Like other evidence, it must be subject to careful scrutiny and challenge. The burden of disproof will still fall on the accused, but it will be easier to meet. Chances are good that, as a result, some blameless individuals will be spared.
And, as the New York Times article I linked above shows, some police departments are coming around to adopting recommendations from researchers about how to do non-suggestive and more accurate lineups (which are mostly done with pictures these days).

Even the Supreme Court is getting involved. Perry v. New Hampshire, on the Court’s docket for argument in November, involves an on-the-scene identification by a witness of the defendant. The officer who was talking with the witness did nothing improper. Nevertheless, the circumstances of the ID (including that the witness could not ID the defendant in a later photo lineup), raised questions about its veracity.

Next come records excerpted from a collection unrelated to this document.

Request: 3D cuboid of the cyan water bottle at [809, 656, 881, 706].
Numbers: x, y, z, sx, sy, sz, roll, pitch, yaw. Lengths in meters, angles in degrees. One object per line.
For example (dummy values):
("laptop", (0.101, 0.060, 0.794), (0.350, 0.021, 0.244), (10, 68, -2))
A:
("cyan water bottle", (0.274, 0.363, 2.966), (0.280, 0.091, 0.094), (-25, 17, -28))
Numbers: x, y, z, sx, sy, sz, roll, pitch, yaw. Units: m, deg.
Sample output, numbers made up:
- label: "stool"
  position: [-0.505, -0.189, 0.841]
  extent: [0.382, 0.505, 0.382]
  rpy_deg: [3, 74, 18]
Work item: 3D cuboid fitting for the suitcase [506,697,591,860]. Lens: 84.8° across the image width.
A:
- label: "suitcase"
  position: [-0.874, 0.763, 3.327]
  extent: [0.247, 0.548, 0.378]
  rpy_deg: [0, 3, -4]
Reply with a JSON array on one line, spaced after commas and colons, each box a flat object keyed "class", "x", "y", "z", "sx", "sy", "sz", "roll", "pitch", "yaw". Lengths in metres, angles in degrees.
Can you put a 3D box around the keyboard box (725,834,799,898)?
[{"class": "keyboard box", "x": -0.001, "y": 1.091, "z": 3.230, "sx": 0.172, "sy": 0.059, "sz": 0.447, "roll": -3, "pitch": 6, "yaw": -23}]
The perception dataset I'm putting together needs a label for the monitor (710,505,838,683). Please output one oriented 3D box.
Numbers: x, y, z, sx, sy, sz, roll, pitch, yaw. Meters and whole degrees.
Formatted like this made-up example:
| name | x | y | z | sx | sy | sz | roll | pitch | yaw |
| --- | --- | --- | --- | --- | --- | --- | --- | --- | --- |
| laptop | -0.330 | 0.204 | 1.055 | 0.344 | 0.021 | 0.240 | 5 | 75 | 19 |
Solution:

The issue the Supreme Court will consider is whether Perry’s due process rights can still be violated by a problematic ID, even when the police didn’t do anything sleazy to procure the ID.

We’ll have to wait to see whether the Court will use Perry as a vehicle to revisit eyewitness ID testimony on the whole or maintain a narrow focus. Regardless of the outcome, the real change will only come when jurors learn to treat eyewitness ID with the skepticism and scrutiny all testimony deserves.